▸ **Dataset excerpts**
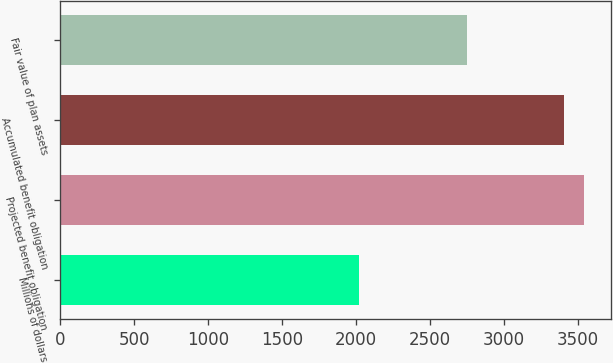Convert chart. <chart><loc_0><loc_0><loc_500><loc_500><bar_chart><fcel>Millions of dollars<fcel>Projected benefit obligation<fcel>Accumulated benefit obligation<fcel>Fair value of plan assets<nl><fcel>2017<fcel>3542.8<fcel>3403<fcel>2746<nl></chart> 
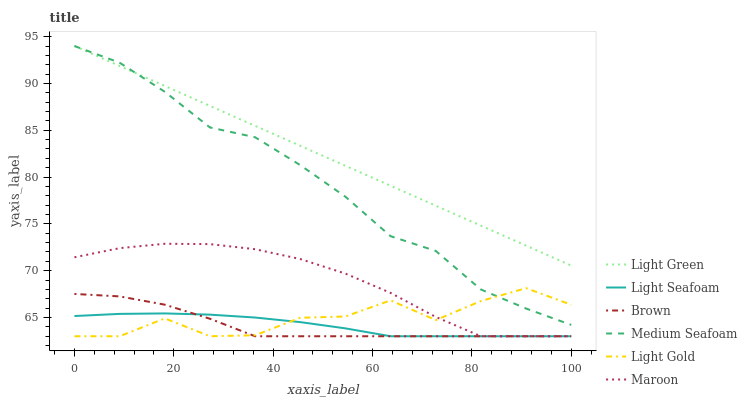Does Brown have the minimum area under the curve?
Answer yes or no. Yes. Does Light Green have the maximum area under the curve?
Answer yes or no. Yes. Does Maroon have the minimum area under the curve?
Answer yes or no. No. Does Maroon have the maximum area under the curve?
Answer yes or no. No. Is Light Green the smoothest?
Answer yes or no. Yes. Is Light Gold the roughest?
Answer yes or no. Yes. Is Maroon the smoothest?
Answer yes or no. No. Is Maroon the roughest?
Answer yes or no. No. Does Brown have the lowest value?
Answer yes or no. Yes. Does Light Green have the lowest value?
Answer yes or no. No. Does Medium Seafoam have the highest value?
Answer yes or no. Yes. Does Maroon have the highest value?
Answer yes or no. No. Is Brown less than Medium Seafoam?
Answer yes or no. Yes. Is Light Green greater than Maroon?
Answer yes or no. Yes. Does Light Seafoam intersect Maroon?
Answer yes or no. Yes. Is Light Seafoam less than Maroon?
Answer yes or no. No. Is Light Seafoam greater than Maroon?
Answer yes or no. No. Does Brown intersect Medium Seafoam?
Answer yes or no. No.

▸ **What the exercise asks**
Which lines above hold the string "smoothest"? Please copy all of them.

▸ **Response to this exercise**
Answer yes or no. No. Is Light Green the smoothest?
Answer yes or no. Yes. Is Maroon the smoothest?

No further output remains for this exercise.